William K. Wolfrum's picture

    Jesus Christ far too cool to sweat over Brit Hume, Tiger Woods

    HEAVEN – The heavenly perfection of Downtown Heaven was disturbed once all Hell broke loose following the news that Fox News Real-Live Journalist Brit Hume advised golfer Tiger Woods to become a Christian to overcome his cheating ways. The ruckus was quelled, however, when Jesus Chist stepped forward to say that he did not care.

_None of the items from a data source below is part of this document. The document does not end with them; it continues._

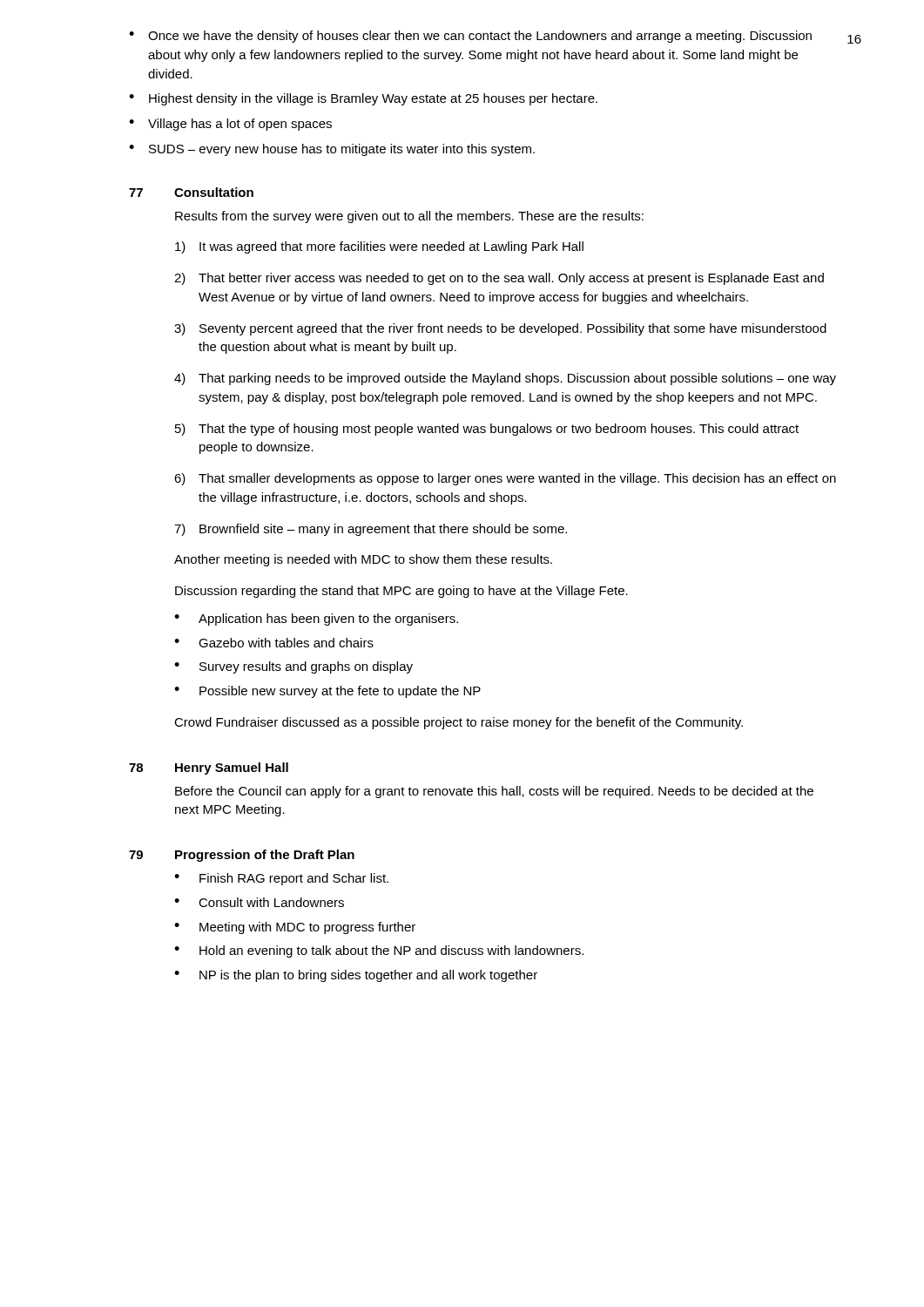
Task: Click the passage that begins "• NP is the plan to"
Action: tap(356, 975)
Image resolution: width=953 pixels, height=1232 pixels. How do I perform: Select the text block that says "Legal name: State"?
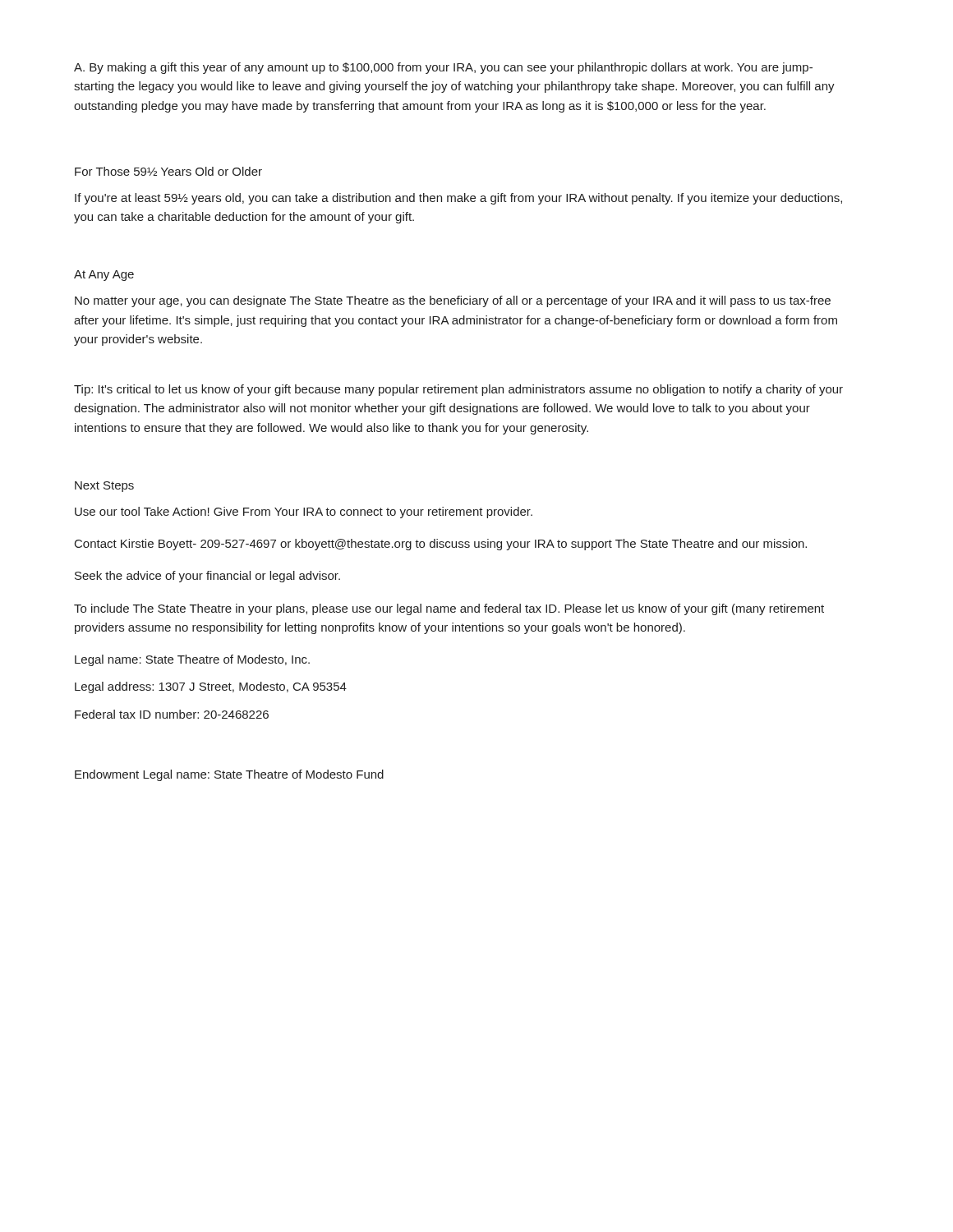[x=192, y=659]
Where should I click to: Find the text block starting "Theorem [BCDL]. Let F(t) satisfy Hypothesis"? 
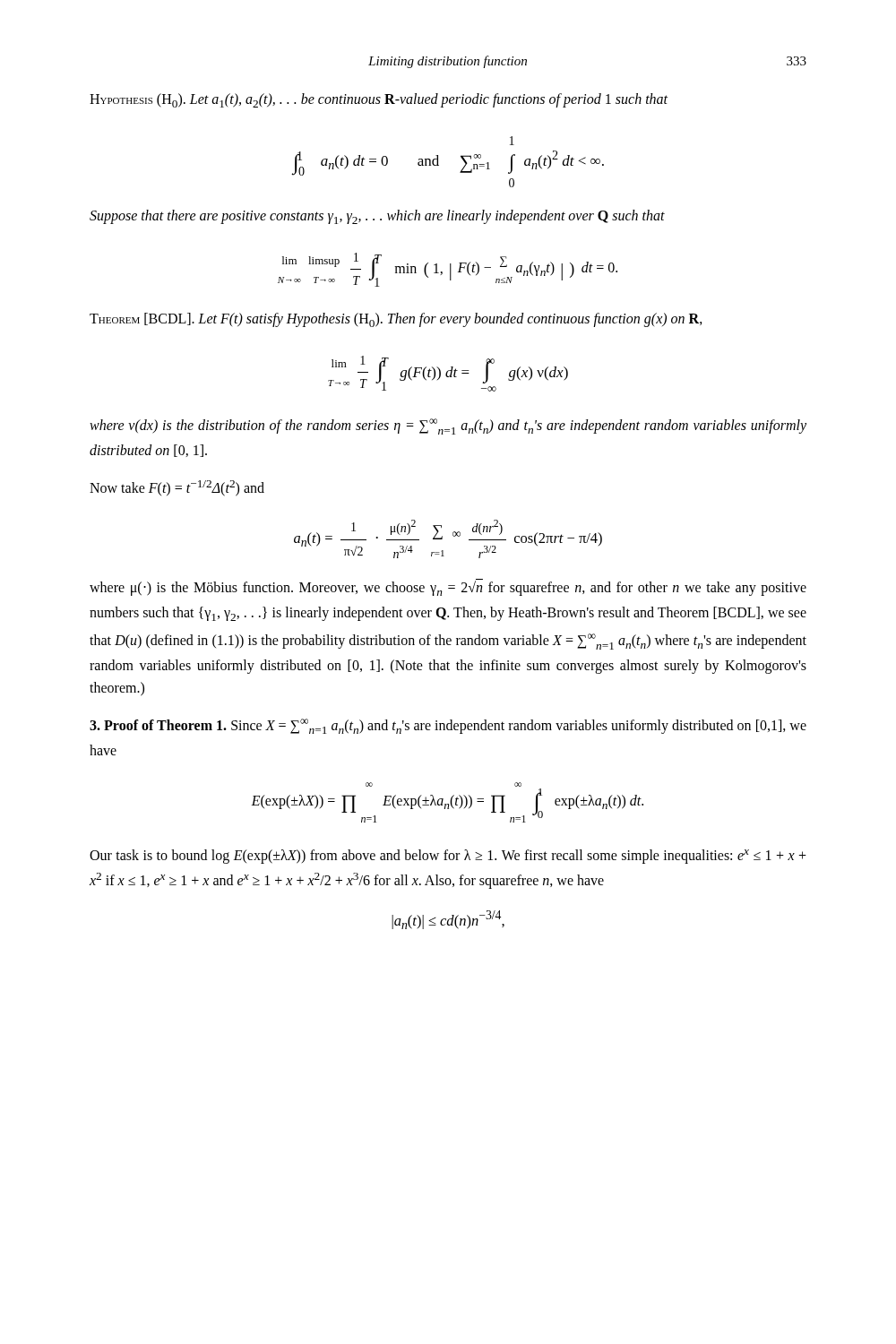coord(396,321)
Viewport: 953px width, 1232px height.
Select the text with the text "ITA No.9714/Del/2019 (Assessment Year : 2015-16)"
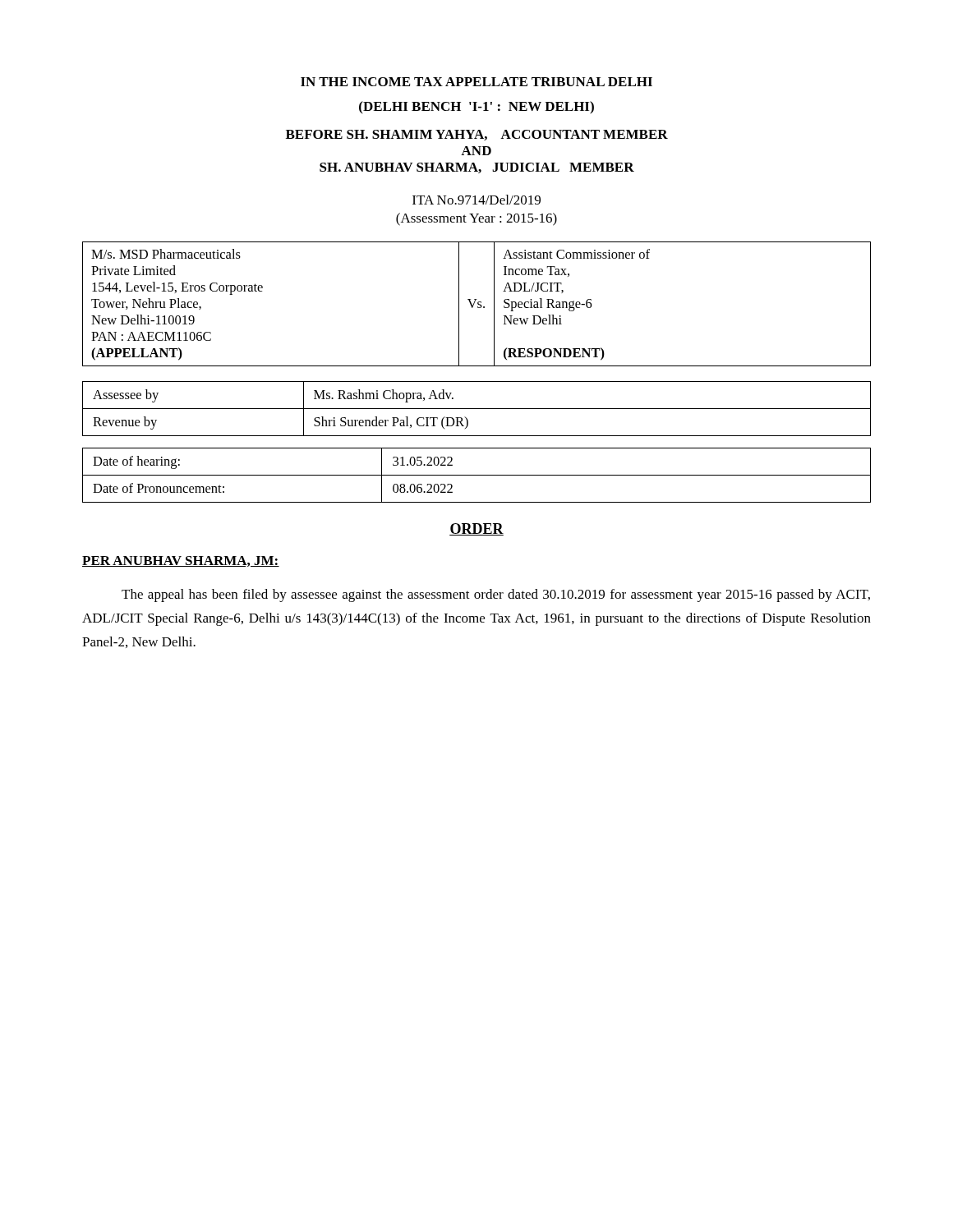pos(476,209)
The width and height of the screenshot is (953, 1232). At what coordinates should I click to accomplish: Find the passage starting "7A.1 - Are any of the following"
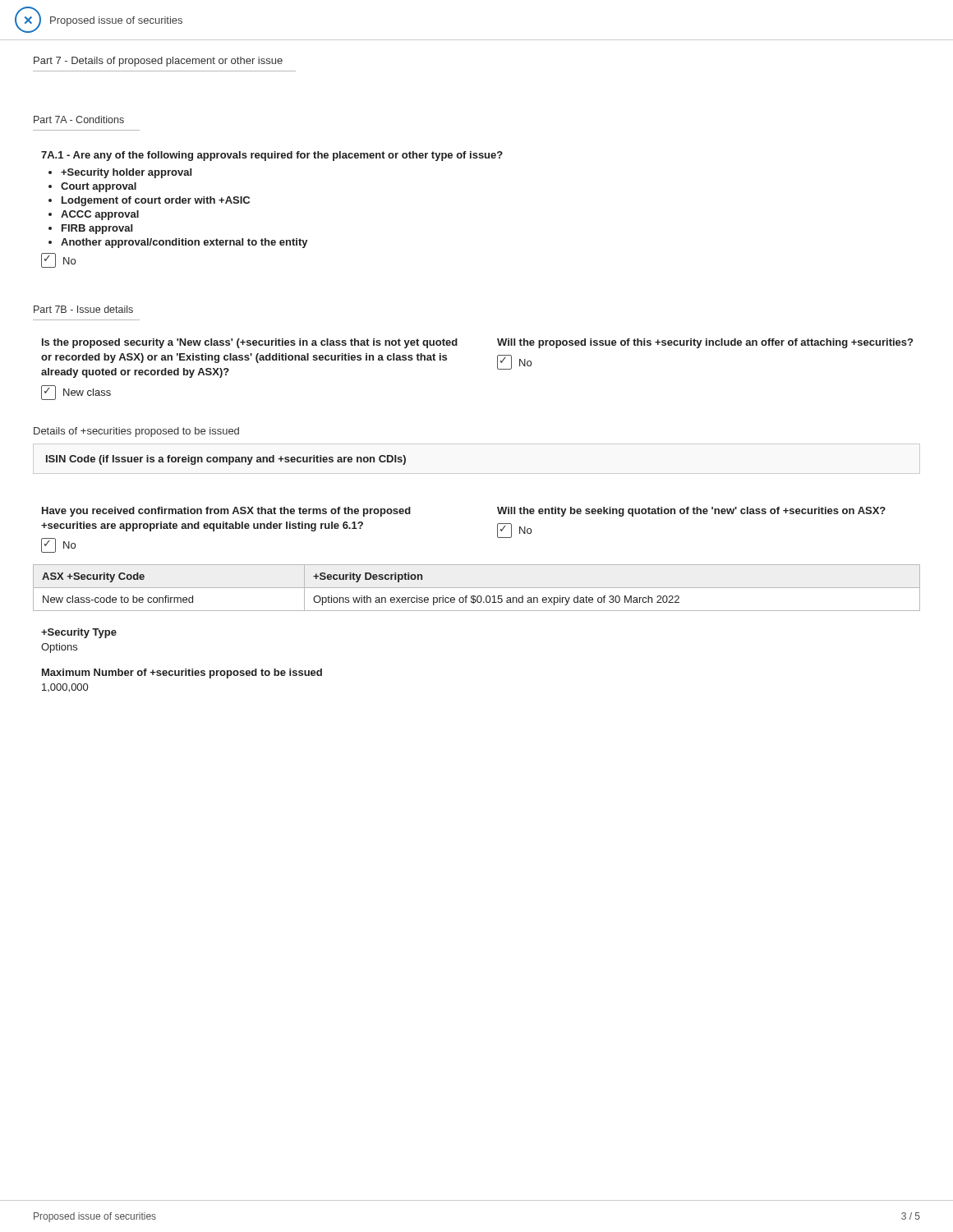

    “He’s said to be a Buddhist. I don’t think that faith offers the kind of forgiveness and redemption that is offered by the Christian faith. So my message to Tiger would be, “Tiger, turn your faith—turn to the Christian faith, and you can make a total recovery and be a great example to the world,” said Hume on Fox News Sunday.

    For his part, Jesus wasn’t pleased, making these comments at an exclusive restaurant in Paris.

    “That’s pretty harsh, man,” said Jesus, looking splendiferous while gnoshing on Lobster and corn. “Like, I’d never advise anyone to seek Brit Hume’s advise, so he just needs to check himself before he, you know, wrecks himself.”

    Jesus then walked away slowly, throngs of screaming teen-aged girls surrounding him.

    “Seriously, though dude, I really don’t give a shit,” said Jesus, stopping to check his pout in the mirror several times. “Maybe Rush Limbaugh and Newt Gingrich should tell about the times I tried to stop them from cheating.”

    Jesus then went off to take a nap, as the sheer weight of his beauty had worn him out.